Ask HN: Learning flask, I need a small project to make. What can you suggest? - ajushi

Hi guys,<p>I'm a PHP/ASP.NET programmer and I was hoping on learning flask and python more. Hopefully, I can land a job someday.<p>My problem is I don't know what project should I do. I want something that would serve and be valuable to a lot of people.<p>What can you suggest me?<p>I'd appreciate all your comments. Thank you very much.
======
read_wharf
Writing prompts.

V1: click the button, and get three words that a writer would use to kickstart
a daily writing exercise.

V2: choose which parts of speech are delivered: noun, verb, etc.

V3: display a creative commons licensed photo (from flickr, e.g.) relevant for
each displayed word.

V4: Take your experience developing the early versions and figure out what V4
should be.

------
aorshan
If you have access to a twilio account, this repository on GitHub is a really
good place to start building a twilio app. I used it a few weeks ago and had a
lot of fun messing around with everything twilio can do.

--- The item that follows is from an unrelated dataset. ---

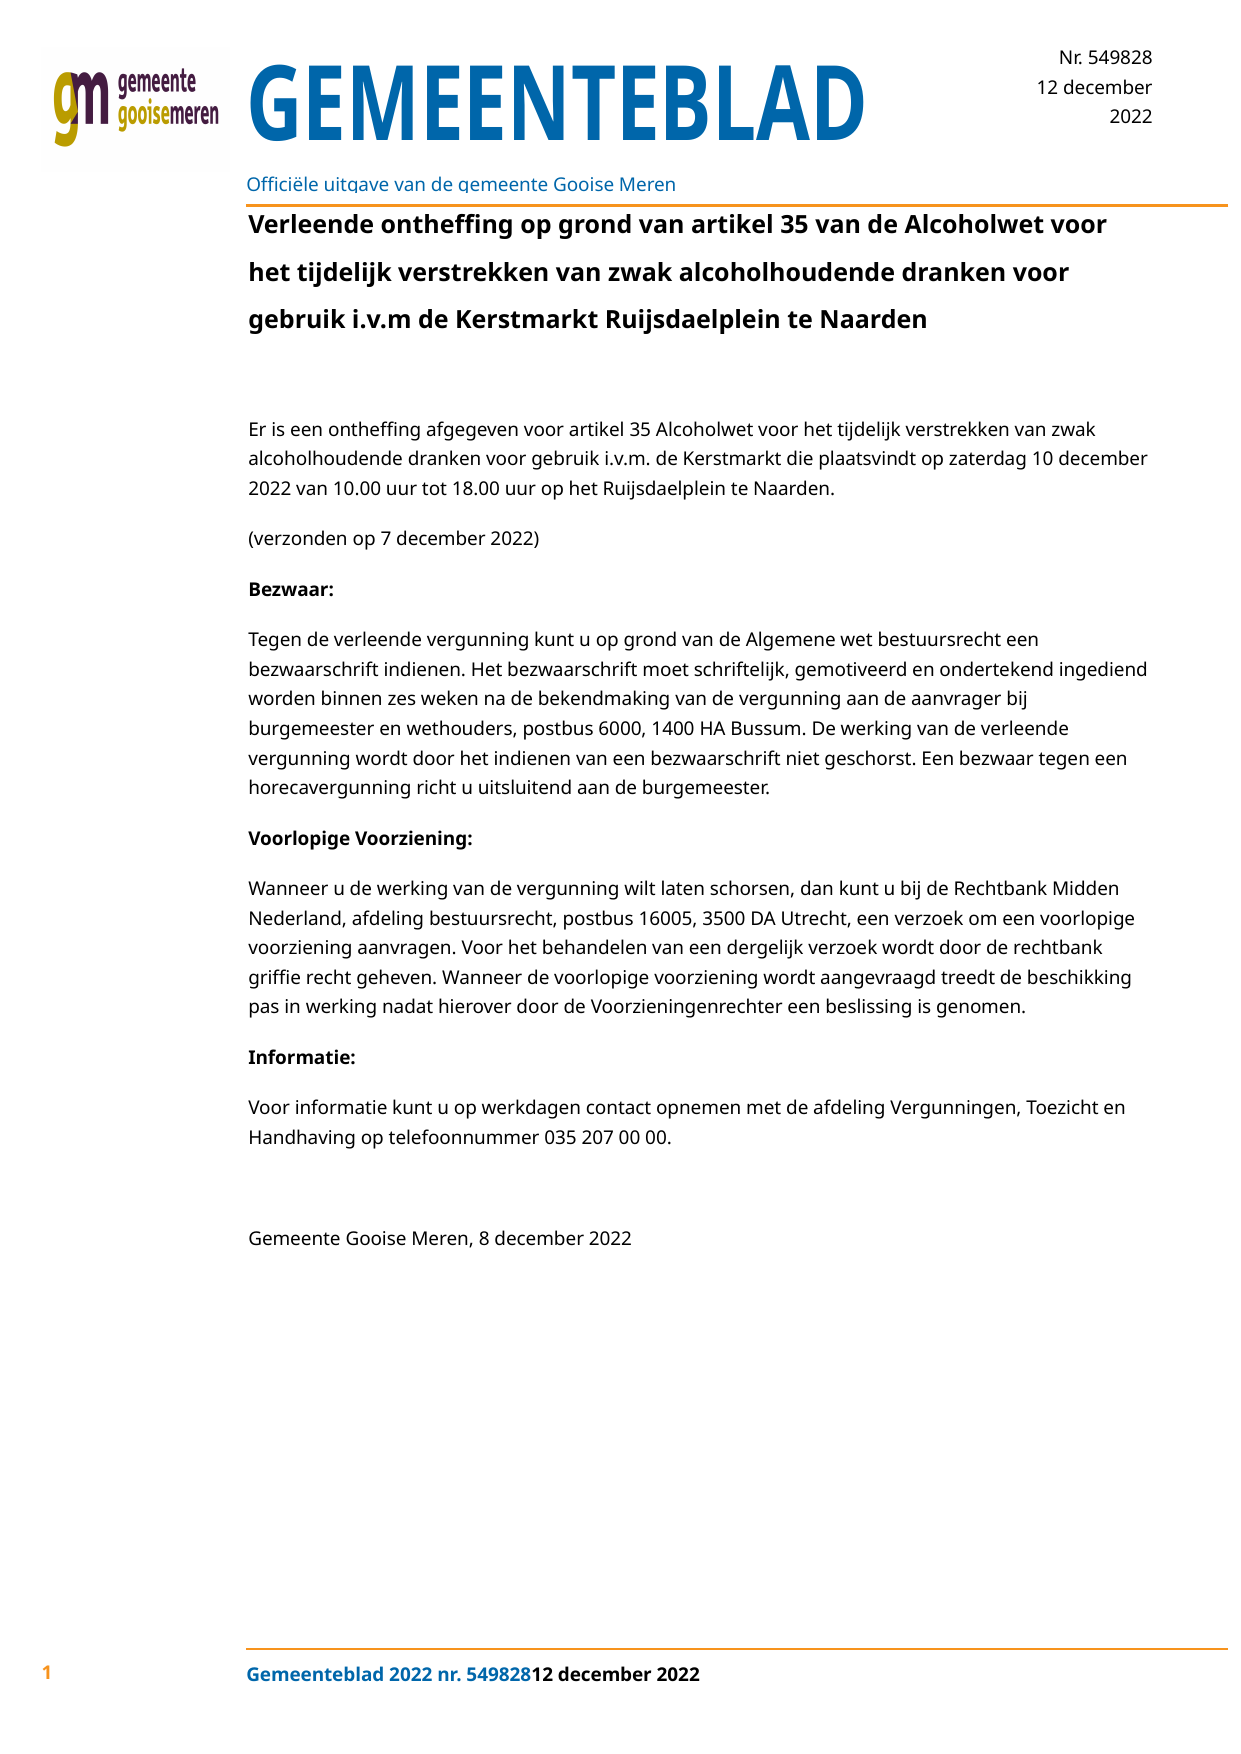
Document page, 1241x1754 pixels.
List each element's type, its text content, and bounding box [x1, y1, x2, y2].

[https://github.com/RobSpectre/Twilio-Hackpack-for-Heroku-
and...](https://github.com/RobSpectre/Twilio-Hackpack-for-Heroku-and-Flask)

------
mhd
The forum software market seems to be pretty dominated by PHP, and a
lightweight python-based solution wouldn't hurt. It's also pretty static, so
you can focus on learning Flask/python and don't have to switch to client-side
scripting too often (or mess with NoSQL and similar distracting technologies).

------
asselinpaul
No nonsense messaging. Create a public discussion that can be shared as an
url.

------
ianox
You could try building your own URL shortener. You could make it as simple as
you like to start with, then choose to add more features as you get more
familiar with Python and Flask.

------
paulhauggis
Time tracking software. We all need more of these types of apps.

------
bmelton
A static, Jekyll-like blog generator would get you a good grasp of language
fundamentals I'd think, even though at least one already exists for Flask.

A message-board/forum/discussion type piece of software will get you a solid
grasp of SQLAlchemy and company.

Something I'd LIKE to see in Flask (that I don't believe exists yet) is some
sort of analytics package that dumps data into a Mongo/Redis/NoSQL store and
presents things in a pretty package on the backside.